In much the same way, saying purely colorless was always the only way it could have gone is, as I see it, fundamentally dishonest. Yes, there were ideas that weren't possible, with people fervently standing in their corners anyway, but in the end snow had merits and no fundamental problems (except maybe parasitism, which Wizards has done before.)
Take all this with a grain of salt though. I don't think you were being that bad in comparison to some of the other people in this thread. I'm simply trying to describe why your reply may have come off as "smug".
Oh c'mon Benalicious Hero, it's not about being smug or not. If anything has taught us about assumptions and/or educated guesses ever since we learn how to do/make things, it was always gonna be Occam's Razor.
WotC is making a universal game for folks around the world. The game cannot be made more complex than it already is. 5 colors is already hard to handle, let alone a 6th, or some game-sweeping change that will alter the way we play. The only path Magic can grow is to make it simpler, not harder. How else would Magic reach the stars, as the biggest card game today?
Like I said, 5/5 for effort. But if there's one thing psychology taught us, it's that you might have conditioned yourself to the fact that your prerogative was absolute and you willing to dig deeper to defend yourself, at any cost. One thing we know with a deep hole is that it's harder to get out from.
If anyone just stop and think of the bigger picture; and no, Magic isn't created for only U.S citizens, isn't just for big, fat, smelly fanboys who love boob armor. Magic is for the young, the old, the new, the experienced. Does not take sides into gender, or race, or color. We've become a global game, a global audience to reach out.
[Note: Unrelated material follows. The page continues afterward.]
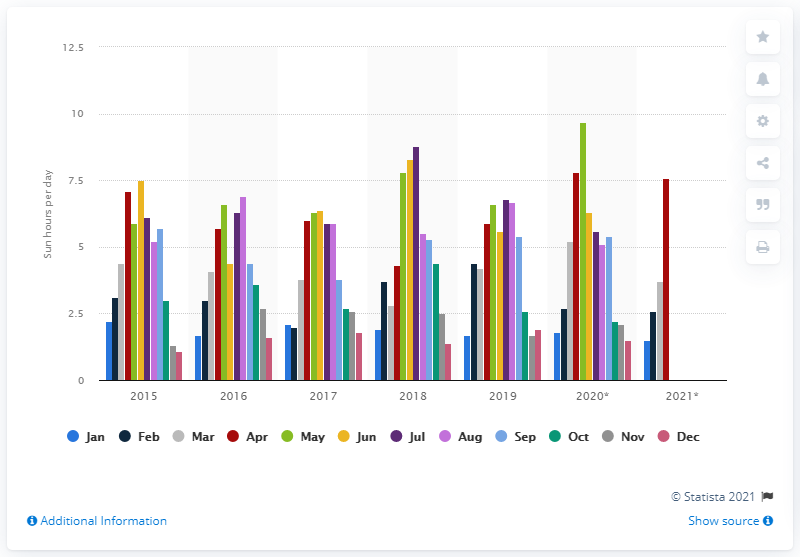Identify some key points in this picture. The average daily sun hours in May 2020 was 9.7.

Your wanting the game to reach supposed new heights, and the methodology to reach them does not match with the viewpoints of the world.
We need Magic to become more layman. And the sooner you realized this, the sooner you leave that hole.
I could be wrong about things the next day. But if I use how WotC would think of Magic globally, it might help a little more than you think.
I think the point of contention was never going for something more complex. Many of us arguing for snow were arguing for something that, and I still believe this even in light of being wrong with regards to the outcome, snow WAS the more simple solution. Purely colorless has a messy limited problem, while snow 2.0 would just be parasitic.
The thing that was overwhelmingly annoying in this thread, and that, as a whole, appears to absent in the victory (which is nice) was the horrendous sense of arrogance (on both sides, but more so for purely colorless) that their side was right. The one thing I've made sure to do, in every one of these arguments (the ones listed in my previous post) is point out that stating "this is true" and "your wrong" without proof is not the way to discuss things, and on the tail end of it, even if you were right, that contribution was worthless.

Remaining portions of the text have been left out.